Elasticsearch 6.0 bulk write is slower in a cluster but fast in single node setup

We have a 5 nodes production setup (1 coordinator, 1 master, 3 data nodes). We have setup a Kafka sink to dump messages to an ES index in this cluster. The URL for the sink is pointed to the Coordinator node. Below is machine configuration of this cluster,

Coordinator (2 cores, 7 GB ram)
Master (2 cores, 7 GB ram)
1 Data node (8 cores, 32 GB ram)
2 Data nodes (2 cores, 7 GB ram)

Similarly, another sink is setup to dump messages to ES index to single node Elasticsearch (Staging setup). This single node is of 8 cores 28 GB ram.

We noticed a wired behavior that the dump to production cluster is lagging 8 hrs behind that of the staging node.

Below is the mapping for the index. We use routing key while building the bulk insert data.

{
	"settings": {
		"index": {
			"number_of_shards": 260,
			"number_of_replicas": 1,
			"sort.field": ["csf", "ds", "tag", "ts"],
			"sort.order": ["asc", "asc", "asc", "asc"]
		}
	},
	"mappings": {
		"data_type": {
			"properties": {
				"csf": {
					"type": "keyword"
				},
				"ds": {
					"type": "keyword"
				},
				"tag": {
					"type": "keyword"
				},
				"ts": {
					"type": "date",
					"format": "yyMMddHHmmssSSSSSS"
				},
				"value": {
					"type": "double"
				}
			}
		}
	}
}

Can somebody help us in figuring out why the bulk inserts in cluster is slow while that of single node is fast?

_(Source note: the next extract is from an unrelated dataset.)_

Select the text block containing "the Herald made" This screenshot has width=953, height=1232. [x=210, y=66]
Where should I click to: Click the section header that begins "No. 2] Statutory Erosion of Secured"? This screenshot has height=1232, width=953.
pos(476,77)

Elasticsearch assumes all data nodes to be equal, so the fact that you have one large and 2 small will mean that the the smaller ones will work much harder than the larger one and limit performance.

The main point of having a cluster is usually to avoid single points of failure in order to increase stability, availability and resiliency. A production setup with a single dedicated master node is therefore not recommended. Just because you can have specialised node types does not mean that you should. I would recommend that you instead setup a basic 3 node cluster where all nodes are on the same type of hardware and are all master eligible and hold data. Make sure that you set minimum_master_nodes to 2 to avoid split brain scenarios.

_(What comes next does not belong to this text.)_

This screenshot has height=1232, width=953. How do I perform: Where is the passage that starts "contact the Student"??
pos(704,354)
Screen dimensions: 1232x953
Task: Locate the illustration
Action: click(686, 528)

How have you arrived at this value? That is a lot of shards to index into, which may lead to bad indexing performance and possibly also bulk rejections.

If you are not updating your data, you may want to consider instead using time-based indices, as this generally is more efficient. You may also want to read this blog post on shards and sharding practices.

1 Like

Thanks @Christian_Dahlqvist for the reply. We shall definitely set up 3 basic nodes as you suggested and see if that solves this problem.

About the shards, we have large number of data streaming into the system each minute. The data could be classified by type which we know before creating an index (There are 260 possible types of data). So we decided to create index with these many shards & provide routing so data of each type will be stored in single shard.

If this approach is to cause problem, we shall setup time-based indices like you had suggested.

It does not sound to me like that is an appropriate use of routing, especially if it leads to that many shards concurrently being written to. Routing does not mean that each routing key gets it's own shard, just that all data related to a specific routing key resides in a single shard within the index.

We have setup 3 basic nodes setup & used default 5 primary & 1 replica shards as you had suggested. This solved the problem & inserts are faster now. Thanks @Christian_Dahlqvist for helping out.

This topic was automatically closed 28 days after the last reply. New replies are no longer allowed.